Maker-taker mode uses post-only orders on Polymarket and hedges fills with taker orders on Kalshi.

Execution and Risk Controls (Hot Path)

We do not fire orders just because there is an apparent edge. Execution requires passing multiple gates:

  • Freshness checks: stale books are rejected using per-slot timestamp ages.
  • Edge checks: required edge is min_profit + buffer before firing.
  • Risk caps: total volume, per-event exposure, and outstanding maker size.
  • Hedge timeouts: max hedge latency and max slippage thresholds.
  • Unhedged exposure: any one-leg fill permanently blocks the slot to prevent compounding risk.

Latency is measured end-to-end (parse, detect, send, ack, fill) and exported over the bridge for live monitoring.

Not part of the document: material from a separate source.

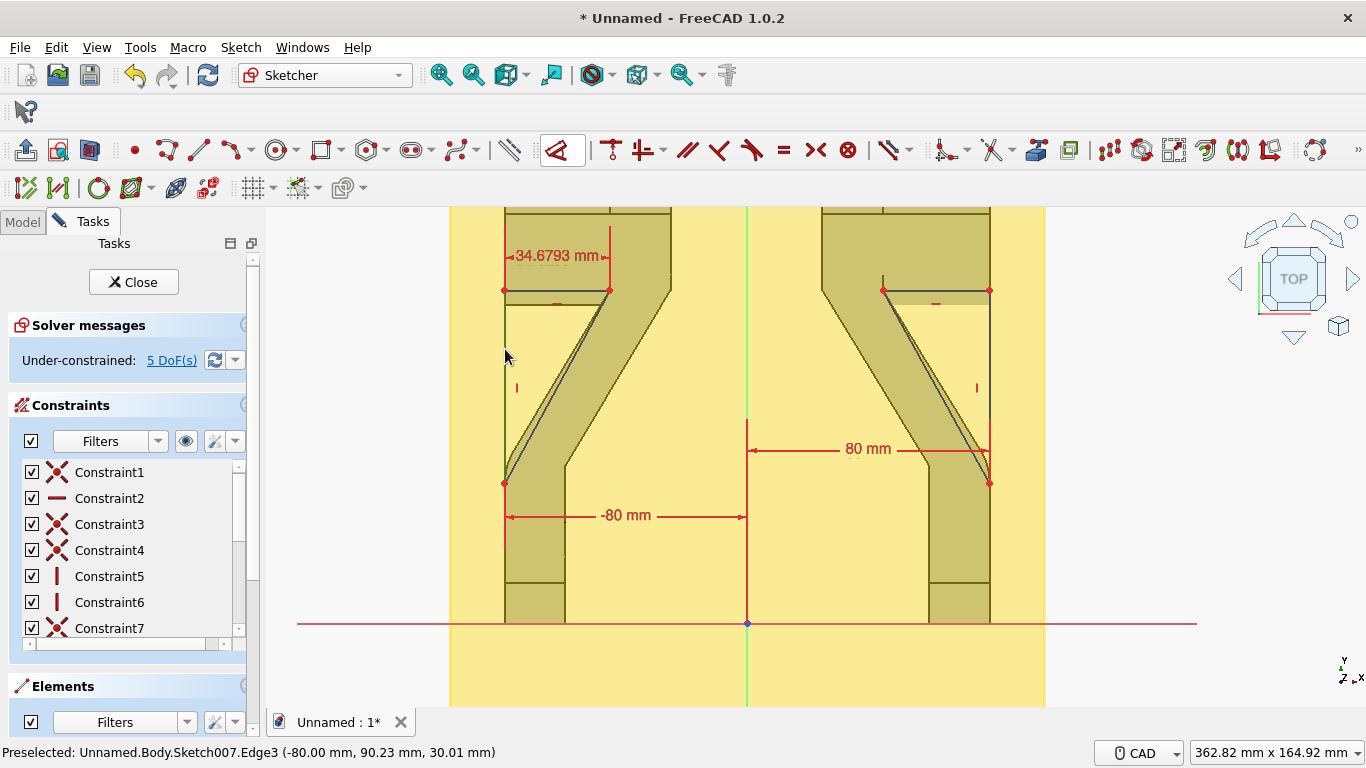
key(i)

Debugging Notes (Things That Broke)

Some of the most painful bugs were low-level:

  • Keccak-256 vs SHA3-256: using the wrong hash broke EIP-712 signatures.
  • Token ID handling: token IDs are decimal uint256 values, not hashes.
  • Maker/taker amount math: subtle unit conversions caused incorrect sizing.
  • EIP-55 checksum rules: mixed-case address logic had to be exact.
  • Nonce and expiration handling: bad defaults caused rejected orders.

These fixes are now baked into the CLOB client and are required for reliable execution.

Bridge and UI

Janus runs a Node.js bridge that:

  • Spawns the C++ core process.
  • Tails JSONL logs (opportunities, execution, prices).
  • Broadcasts health and telemetry over WebSocket.

The React UI uses Auth0 for user authentication and provides a live dashboard with charts and control toggles.

Challenges: The Price of Profitability

Hanging-Leg Risk (Execution Risk)

When Polymarket fills the maker leg, we are briefly exposed until the hedge completes.

Failure modes:

  • Kalshi API timeout
  • Rate limiting (HTTP 429)
  • Price moves during the hedge window

Mitigation:

  • Optimistic concurrency control in the hedge executor
  • Max unhedged time and max slippage enforcement
  • Emergency liquidation if hedge fails

API Disparities

  • Polymarket: Polygon blockchain (block times + finality)
  • Kalshi: centralized database (fast WebSockets/REST)

Bridging these required a queue-based event loop in a Node.js bridge to buffer Kalshi's fast events so they do not overrun slower on-chain ticks.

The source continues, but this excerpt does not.